* [Task item]: Once the line with "-131.2118), [50, -150])])" is found in the entries below, print it and each following line exactly, stopping after the line with "(147093.4, 75070.13)], flags=0)"; print nothing else.

(Entries taken from a collection)
►

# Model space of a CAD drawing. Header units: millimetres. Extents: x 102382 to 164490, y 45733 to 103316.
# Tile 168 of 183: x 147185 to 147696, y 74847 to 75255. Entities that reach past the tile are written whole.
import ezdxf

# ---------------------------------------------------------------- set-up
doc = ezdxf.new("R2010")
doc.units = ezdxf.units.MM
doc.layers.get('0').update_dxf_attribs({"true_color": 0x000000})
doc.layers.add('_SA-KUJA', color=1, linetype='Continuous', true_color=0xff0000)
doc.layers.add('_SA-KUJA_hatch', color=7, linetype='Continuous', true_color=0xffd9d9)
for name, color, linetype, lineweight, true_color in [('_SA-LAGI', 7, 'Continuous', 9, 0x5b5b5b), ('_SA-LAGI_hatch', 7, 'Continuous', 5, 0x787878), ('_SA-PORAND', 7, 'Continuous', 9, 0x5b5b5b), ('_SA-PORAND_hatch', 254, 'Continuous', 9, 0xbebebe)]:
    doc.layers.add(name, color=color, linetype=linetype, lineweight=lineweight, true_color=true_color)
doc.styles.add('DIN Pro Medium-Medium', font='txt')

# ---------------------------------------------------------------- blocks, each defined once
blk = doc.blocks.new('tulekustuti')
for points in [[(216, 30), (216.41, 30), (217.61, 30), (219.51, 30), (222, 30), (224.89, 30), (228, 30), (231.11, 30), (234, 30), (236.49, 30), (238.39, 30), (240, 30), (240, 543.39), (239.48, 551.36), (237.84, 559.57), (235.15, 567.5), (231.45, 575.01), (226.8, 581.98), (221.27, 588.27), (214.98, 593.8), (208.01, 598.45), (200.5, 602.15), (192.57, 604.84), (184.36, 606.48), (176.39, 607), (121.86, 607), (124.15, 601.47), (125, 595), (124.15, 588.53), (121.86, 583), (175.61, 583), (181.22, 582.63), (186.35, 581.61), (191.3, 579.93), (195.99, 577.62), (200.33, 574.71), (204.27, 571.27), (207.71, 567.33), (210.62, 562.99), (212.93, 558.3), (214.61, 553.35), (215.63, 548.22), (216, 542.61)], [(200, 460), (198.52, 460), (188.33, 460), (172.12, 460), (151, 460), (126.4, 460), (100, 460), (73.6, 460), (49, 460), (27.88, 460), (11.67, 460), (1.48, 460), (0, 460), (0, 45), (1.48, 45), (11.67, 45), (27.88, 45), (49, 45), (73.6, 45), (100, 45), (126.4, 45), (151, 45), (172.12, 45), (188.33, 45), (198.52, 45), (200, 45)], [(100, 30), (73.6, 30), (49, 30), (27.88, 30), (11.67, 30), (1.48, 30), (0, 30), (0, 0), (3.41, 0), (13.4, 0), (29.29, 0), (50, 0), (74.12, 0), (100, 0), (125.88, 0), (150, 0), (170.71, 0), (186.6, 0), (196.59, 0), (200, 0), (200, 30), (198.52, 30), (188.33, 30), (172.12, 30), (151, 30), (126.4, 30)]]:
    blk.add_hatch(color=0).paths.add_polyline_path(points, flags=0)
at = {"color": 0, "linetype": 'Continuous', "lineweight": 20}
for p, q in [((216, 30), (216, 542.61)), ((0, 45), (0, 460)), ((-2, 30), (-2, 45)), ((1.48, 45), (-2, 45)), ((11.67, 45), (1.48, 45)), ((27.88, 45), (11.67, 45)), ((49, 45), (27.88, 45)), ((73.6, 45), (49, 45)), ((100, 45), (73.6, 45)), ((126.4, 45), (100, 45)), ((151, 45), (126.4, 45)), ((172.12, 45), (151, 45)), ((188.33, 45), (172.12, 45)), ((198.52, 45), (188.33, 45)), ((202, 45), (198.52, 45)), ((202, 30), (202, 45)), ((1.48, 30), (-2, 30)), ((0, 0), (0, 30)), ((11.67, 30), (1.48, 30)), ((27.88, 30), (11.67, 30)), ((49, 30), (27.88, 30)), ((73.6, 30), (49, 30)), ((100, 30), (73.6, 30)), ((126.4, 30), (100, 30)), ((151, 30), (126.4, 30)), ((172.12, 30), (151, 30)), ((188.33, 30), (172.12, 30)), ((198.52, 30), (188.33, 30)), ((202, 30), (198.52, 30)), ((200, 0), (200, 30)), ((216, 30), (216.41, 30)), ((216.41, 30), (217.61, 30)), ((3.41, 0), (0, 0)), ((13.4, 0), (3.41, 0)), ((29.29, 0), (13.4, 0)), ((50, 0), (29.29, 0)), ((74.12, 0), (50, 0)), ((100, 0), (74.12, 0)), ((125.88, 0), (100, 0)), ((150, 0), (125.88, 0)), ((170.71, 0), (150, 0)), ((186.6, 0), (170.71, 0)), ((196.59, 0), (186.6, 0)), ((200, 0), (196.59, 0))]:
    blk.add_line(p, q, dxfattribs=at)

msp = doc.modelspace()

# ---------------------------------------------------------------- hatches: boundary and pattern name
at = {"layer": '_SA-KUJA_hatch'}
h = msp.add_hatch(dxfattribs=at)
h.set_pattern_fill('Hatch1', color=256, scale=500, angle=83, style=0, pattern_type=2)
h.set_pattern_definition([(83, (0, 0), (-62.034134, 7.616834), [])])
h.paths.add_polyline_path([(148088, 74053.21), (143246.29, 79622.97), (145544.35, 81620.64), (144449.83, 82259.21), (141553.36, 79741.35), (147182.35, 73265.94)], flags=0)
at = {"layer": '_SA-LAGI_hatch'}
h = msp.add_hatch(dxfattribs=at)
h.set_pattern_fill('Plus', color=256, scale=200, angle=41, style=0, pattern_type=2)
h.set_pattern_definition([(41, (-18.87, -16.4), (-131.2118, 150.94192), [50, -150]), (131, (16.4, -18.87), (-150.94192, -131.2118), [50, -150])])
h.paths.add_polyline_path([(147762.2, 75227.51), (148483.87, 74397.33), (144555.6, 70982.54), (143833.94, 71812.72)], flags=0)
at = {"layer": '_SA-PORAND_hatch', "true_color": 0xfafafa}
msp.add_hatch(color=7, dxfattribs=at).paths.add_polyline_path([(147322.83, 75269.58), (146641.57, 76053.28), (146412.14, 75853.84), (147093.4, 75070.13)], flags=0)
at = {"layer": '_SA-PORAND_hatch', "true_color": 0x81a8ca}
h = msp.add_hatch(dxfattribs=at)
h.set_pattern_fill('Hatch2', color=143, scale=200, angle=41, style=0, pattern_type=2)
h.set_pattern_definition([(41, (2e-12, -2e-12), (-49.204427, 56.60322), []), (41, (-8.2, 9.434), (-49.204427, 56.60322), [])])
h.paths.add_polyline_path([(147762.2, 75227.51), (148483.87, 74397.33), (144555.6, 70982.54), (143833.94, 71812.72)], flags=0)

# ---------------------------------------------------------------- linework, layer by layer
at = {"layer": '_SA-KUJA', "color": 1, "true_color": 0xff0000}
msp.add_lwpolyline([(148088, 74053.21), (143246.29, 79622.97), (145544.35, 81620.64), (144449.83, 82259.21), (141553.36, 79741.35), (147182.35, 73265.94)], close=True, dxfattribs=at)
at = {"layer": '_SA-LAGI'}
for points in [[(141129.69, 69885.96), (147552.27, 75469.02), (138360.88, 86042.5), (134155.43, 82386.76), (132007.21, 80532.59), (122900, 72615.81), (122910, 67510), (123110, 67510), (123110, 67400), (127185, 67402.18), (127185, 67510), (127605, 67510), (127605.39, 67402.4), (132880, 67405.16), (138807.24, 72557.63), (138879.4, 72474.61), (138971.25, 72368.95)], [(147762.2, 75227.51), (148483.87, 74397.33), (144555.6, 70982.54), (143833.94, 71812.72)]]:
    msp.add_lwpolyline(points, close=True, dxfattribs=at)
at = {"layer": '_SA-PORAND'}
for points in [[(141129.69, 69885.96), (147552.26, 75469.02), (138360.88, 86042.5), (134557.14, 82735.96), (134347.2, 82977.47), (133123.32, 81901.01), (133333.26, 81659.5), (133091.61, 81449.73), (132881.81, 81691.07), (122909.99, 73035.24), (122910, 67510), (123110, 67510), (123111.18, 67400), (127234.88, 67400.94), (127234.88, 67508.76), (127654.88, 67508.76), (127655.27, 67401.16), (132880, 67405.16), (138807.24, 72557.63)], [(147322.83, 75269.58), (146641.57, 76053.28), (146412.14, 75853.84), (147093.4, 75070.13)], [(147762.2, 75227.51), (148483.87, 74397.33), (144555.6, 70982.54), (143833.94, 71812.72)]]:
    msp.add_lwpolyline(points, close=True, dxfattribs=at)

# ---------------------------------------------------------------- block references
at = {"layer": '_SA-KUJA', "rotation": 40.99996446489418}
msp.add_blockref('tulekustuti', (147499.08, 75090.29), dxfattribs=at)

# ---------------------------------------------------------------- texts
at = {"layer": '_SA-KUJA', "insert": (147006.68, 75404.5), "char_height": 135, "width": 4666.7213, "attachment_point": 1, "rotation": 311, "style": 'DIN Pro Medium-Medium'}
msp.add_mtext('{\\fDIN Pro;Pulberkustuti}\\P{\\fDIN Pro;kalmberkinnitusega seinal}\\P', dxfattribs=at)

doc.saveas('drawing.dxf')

◄

* [Task solution]:
h.set_pattern_definition([(41, (-18.87, -16.4), (-131.2118, 150.94192), [50, -150]), (131, (16.4, -18.87), (-150.94192, -131.2118), [50, -150])])
h.paths.add_polyline_path([(147762.2, 75227.51), (148483.87, 74397.33), (144555.6, 70982.54), (143833.94, 71812.72)], flags=0)
at = {"layer": '_SA-PORAND_hatch', "true_color": 0xfafafa}
msp.add_hatch(color=7, dxfattribs=at).paths.add_polyline_path([(147322.83, 75269.58), (146641.57, 76053.28), (146412.14, 75853.84), (147093.4, 75070.13)], flags=0)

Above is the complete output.